Characterizing Tree Species of a Tropical Wetland in Southern China at the Individual Tree Level Based on Convolutional Neural Network

Abstract

Classification of species at the individual tree level would be beneficial to many applications including forest landscape visualization, forest management, and biodiversity monitoring. This article develops a patch-based classification algorithm of individual tree species based on convolutional neural network. The individual trees are first detected using the local maximum method from the canopy height model, as derived from light detection and ranging (LiDAR) data. The detected individual trees are then cropped into patches for classification based on the tree apexes, and three spatial scale image patches are chosen for analysis and discussion. A modified ResNet50 deep network is further employed for the cropped individual tree patches classification. The patch-based method accounts for the contexture information of a tree and does not require the feature selection or the feature reduction processes.
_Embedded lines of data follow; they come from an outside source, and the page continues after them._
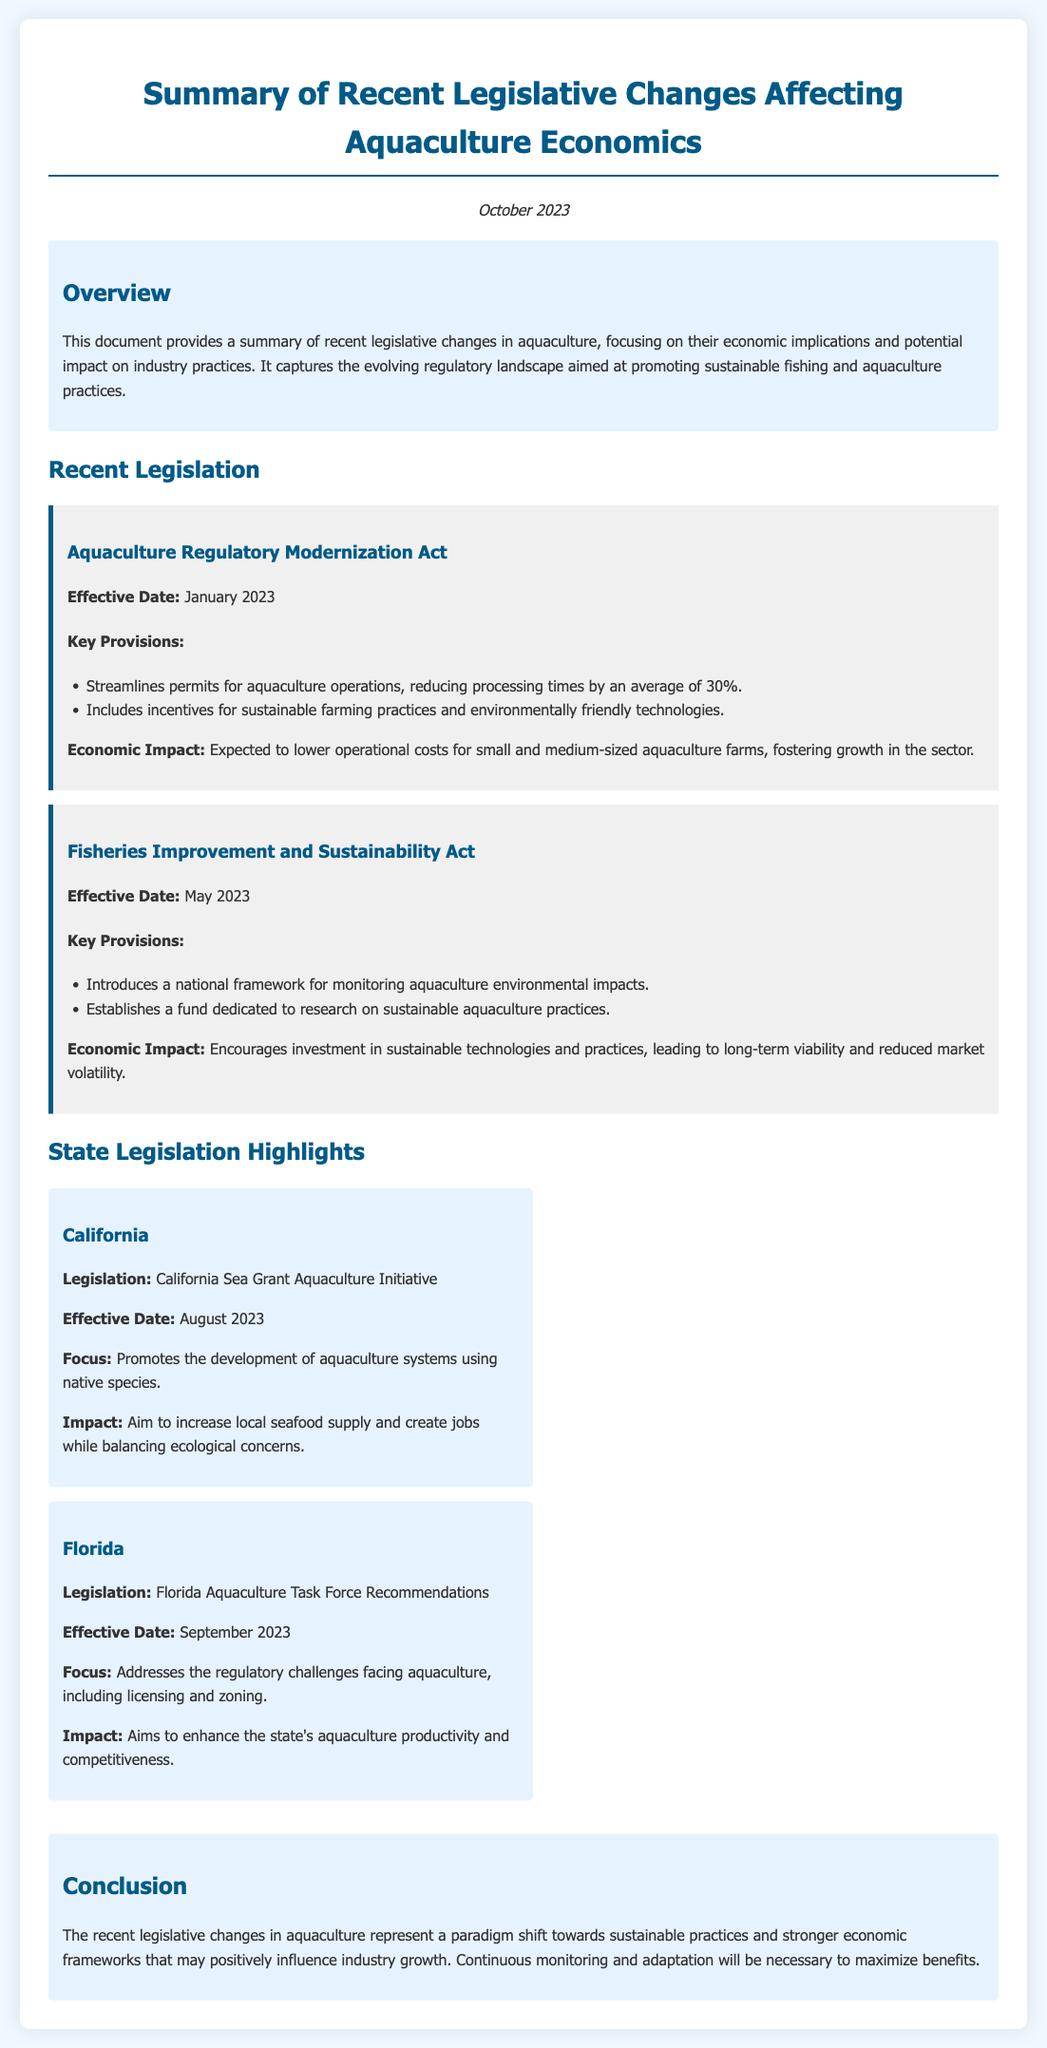What is the effective date of the Aquaculture Regulatory Modernization Act? The effective date is mentioned as January 2023.
Answer: January 2023 What is one of the key provisions of the Fisheries Improvement and Sustainability Act? One key provision is the introduction of a national framework for monitoring aquaculture environmental impacts.
Answer: National framework for monitoring environmental impacts What is the focus of California's legislation regarding aquaculture? The focus is on promoting the development of aquaculture systems using native species.
Answer: Development of aquaculture systems using native species What economic impact is expected from the Aquaculture Regulatory Modernization Act? The expected impact is a lowering of operational costs for small and medium-sized aquaculture farms.
Answer: Lower operational costs Which act establishes a fund dedicated to research on sustainable aquaculture practices? This is established by the Fisheries Improvement and Sustainability Act.
Answer: Fisheries Improvement and Sustainability Act What was a primary aim of the Florida Aquaculture Task Force Recommendations? The primary aim is to enhance the state's aquaculture productivity and competitiveness.
Answer: Enhance aquaculture productivity and competitiveness What summarizes the conclusion of the document? The conclusion states that recent legislative changes represent a paradigm shift towards sustainable practices.
Answer: Paradigm shift towards sustainable practices How many percent will processing times be reduced for aquaculture operations according to the Aquaculture Regulatory Modernization Act? Processing times will be reduced by an average of 30%.
Answer: 30% What is the title of the document? The title is "Summary of Recent Legislative Changes Affecting Aquaculture Economics."
Answer: Summary of Recent Legislative Changes Affecting Aquaculture Economics 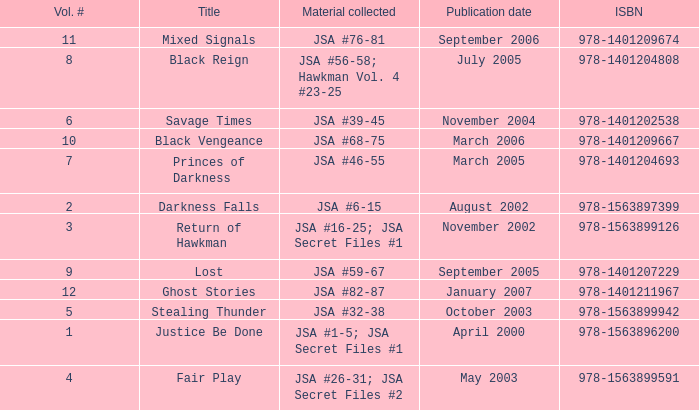How many Volume Numbers have the title of Darkness Falls? 2.0. 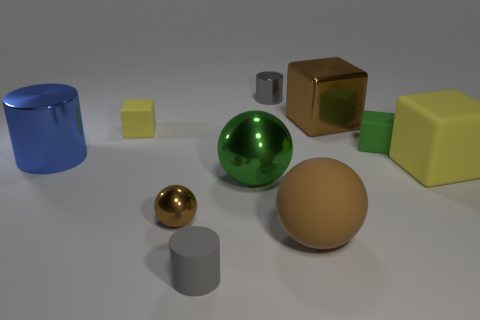Subtract all cylinders. How many objects are left? 7 Add 9 large brown rubber balls. How many large brown rubber balls exist? 10 Subtract 2 gray cylinders. How many objects are left? 8 Subtract all small cubes. Subtract all green objects. How many objects are left? 6 Add 4 small green rubber cubes. How many small green rubber cubes are left? 5

About 1388 training samples including Ficus microcarpa Linn. f., Delonix regia, Chorisia speciosa A.St.-Hil., Dimocarpus longan Lour., Musa nana Lour., Carica papaya, and Others (the other tree species except the above six) were collected from both field work and visual interpretation. Aerial images, LiDAR data, and Worldview images were used for the tree species classification. For 362 test tree samples, the results of patch size 64 achieve the best accuracies, and the proposed method outperforms the traditional machine learning method with the overall accuracy of 89.06% + 0.58% using aerial images only. Transferability Study to the Luhu Park also indicated the feasibility of our method. While challenges in individual tree detection and multisource data fusion remain, the solution shows the potential in characterizing tree species at the individual tree level using remote sensing data.